Reputation: 5194
I have a lambda eventFetcher
which calls external API to get the data and sends the response to SQS
.
The API call happens in a loop until the response keeps returning the data.
The problem is the data is so huge that it is taking more than 15 minutes(900s)
to complete the transaction.
Is there any hook
or lifecycle
method which I can attach to the lambda so that it gets called before the lambda is terminated? (in that hook
, I want to perform some cleanup activities like closing the open connection, etc).
Any other alternative is also appreciated.
Thanks!!!
Upvotes: 0
Views: 1535
Reputation: 9605
I tried to answer the same in this question Attach additional info to Lambda time-out message?.
Below is an example:
import signal
import logging
import time
LOGGER = logging.getLogger()
LOGGER.setLevel(logging.INFO)
def handler(event, context):
# Setup alarm for remaining runtime minus a second
signal.alarm((int(context.get_remaining_time_in_millis() / 1000) - 1))
time.sleep(10)
def timeout_handler(_signal, _frame):
print("handle the timeout here")
raise Exception('Time exceeded')
signal.signal(signal.SIGALRM, timeout_handler)
And the corresponding log:
handle the timeout here
[ERROR] Exception: Time exceeded
Traceback (most recent call last):
File "/var/task/lambda_function.py", line 13, in handler
time.sleep(10)
File "/var/task/lambda_function.py", line 19, in timeout_handler
raise Exception('Time exceeded')
END RequestId: 7792ab80-20bc-4759-8613-088511b7c933
REPORT RequestId: 7792ab80-20bc-4759-8613-088511b7c933 Duration: 1002.68 ms Billed Duration: 1003 ms Memory Size: 128 MB Max Memory Used: 48 MB Init Duration: 119.91 ms
Upvotes: 0
Reputation: 238081
There is no such hook or lifecycle event. But it is something that you can relatively simply implement yourself.
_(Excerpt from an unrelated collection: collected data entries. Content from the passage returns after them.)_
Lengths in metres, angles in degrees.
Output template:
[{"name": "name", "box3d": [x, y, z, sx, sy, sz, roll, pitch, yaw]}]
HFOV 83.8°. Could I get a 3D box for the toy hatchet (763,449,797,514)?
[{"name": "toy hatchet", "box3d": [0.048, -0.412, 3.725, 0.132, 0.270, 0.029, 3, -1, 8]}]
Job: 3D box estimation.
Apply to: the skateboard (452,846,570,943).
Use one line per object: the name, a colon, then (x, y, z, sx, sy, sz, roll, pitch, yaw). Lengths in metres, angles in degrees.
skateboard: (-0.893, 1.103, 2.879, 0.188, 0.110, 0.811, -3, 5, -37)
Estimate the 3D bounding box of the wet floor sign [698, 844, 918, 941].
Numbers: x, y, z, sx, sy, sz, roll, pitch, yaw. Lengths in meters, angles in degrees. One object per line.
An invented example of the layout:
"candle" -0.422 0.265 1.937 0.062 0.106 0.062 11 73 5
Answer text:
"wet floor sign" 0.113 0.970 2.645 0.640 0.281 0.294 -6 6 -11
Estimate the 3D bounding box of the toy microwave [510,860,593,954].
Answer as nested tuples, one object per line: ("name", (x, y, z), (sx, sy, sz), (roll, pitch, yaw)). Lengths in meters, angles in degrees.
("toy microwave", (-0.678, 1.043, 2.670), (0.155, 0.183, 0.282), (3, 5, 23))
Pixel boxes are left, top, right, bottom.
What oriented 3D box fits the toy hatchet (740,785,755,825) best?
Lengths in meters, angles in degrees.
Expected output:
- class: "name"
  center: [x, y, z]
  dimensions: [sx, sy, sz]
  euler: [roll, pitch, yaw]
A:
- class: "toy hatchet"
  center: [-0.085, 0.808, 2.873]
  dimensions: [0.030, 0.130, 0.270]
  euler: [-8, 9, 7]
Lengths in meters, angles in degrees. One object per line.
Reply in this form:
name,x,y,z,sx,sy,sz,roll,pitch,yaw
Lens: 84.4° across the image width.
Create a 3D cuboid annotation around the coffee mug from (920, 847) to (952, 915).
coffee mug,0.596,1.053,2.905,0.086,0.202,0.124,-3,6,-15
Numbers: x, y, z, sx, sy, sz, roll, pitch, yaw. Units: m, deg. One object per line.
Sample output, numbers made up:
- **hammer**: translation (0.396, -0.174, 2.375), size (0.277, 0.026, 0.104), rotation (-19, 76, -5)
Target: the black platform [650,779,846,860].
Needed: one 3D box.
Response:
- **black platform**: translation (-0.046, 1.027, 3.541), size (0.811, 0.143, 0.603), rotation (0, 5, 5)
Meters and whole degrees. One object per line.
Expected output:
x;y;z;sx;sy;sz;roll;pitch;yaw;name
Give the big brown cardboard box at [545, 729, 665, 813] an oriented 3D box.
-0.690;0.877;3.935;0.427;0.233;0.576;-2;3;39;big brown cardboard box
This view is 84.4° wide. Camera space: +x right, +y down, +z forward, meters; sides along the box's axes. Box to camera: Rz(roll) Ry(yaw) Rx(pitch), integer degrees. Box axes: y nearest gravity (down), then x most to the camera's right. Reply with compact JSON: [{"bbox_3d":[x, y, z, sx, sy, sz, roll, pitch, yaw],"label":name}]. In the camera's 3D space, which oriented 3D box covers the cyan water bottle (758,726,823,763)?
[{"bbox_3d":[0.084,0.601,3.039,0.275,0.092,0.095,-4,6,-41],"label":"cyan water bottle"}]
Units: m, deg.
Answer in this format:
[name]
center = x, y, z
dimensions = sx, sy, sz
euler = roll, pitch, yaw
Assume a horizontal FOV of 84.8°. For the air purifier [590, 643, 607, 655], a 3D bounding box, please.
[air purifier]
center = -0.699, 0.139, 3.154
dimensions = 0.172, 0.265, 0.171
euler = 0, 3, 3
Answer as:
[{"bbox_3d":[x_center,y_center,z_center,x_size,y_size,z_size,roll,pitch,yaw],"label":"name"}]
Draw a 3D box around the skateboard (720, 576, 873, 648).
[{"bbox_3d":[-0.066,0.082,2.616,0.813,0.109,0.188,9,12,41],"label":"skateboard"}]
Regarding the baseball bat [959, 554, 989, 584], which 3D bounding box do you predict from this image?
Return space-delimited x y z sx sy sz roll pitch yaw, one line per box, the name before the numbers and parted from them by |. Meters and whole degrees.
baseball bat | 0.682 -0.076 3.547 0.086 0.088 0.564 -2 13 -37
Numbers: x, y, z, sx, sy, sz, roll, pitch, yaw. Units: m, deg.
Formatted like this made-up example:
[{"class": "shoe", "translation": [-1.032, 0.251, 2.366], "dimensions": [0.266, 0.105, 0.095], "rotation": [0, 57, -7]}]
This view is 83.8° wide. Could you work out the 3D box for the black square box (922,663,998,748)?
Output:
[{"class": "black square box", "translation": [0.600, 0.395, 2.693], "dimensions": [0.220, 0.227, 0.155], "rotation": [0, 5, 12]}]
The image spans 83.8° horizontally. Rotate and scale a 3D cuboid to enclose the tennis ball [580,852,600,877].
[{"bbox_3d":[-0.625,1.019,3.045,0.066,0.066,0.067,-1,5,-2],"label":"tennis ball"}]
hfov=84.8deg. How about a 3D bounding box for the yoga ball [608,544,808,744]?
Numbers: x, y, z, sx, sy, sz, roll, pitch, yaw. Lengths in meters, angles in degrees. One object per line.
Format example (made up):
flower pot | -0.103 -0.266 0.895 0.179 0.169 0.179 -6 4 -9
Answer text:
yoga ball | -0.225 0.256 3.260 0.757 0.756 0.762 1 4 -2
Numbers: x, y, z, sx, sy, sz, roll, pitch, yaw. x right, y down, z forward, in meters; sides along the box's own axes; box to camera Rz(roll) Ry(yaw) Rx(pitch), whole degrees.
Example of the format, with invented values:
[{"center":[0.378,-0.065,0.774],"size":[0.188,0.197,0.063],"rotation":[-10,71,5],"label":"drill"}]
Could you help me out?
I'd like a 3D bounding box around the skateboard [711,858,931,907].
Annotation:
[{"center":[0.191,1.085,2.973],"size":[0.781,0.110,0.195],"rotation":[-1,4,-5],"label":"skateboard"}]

Since your function iteratively is checking for completion of your API call, you can measure execution time in each iteration and when you will be close to 15 minutes, then you can send notification to a dedicated SNS topic.
Alternatively, you could use SQS dead-letter queue for your SQS. If message failed to be processed by your lambda function, it will go to DLQ. This could trigger other process/lambda function which would do all the clean up for you.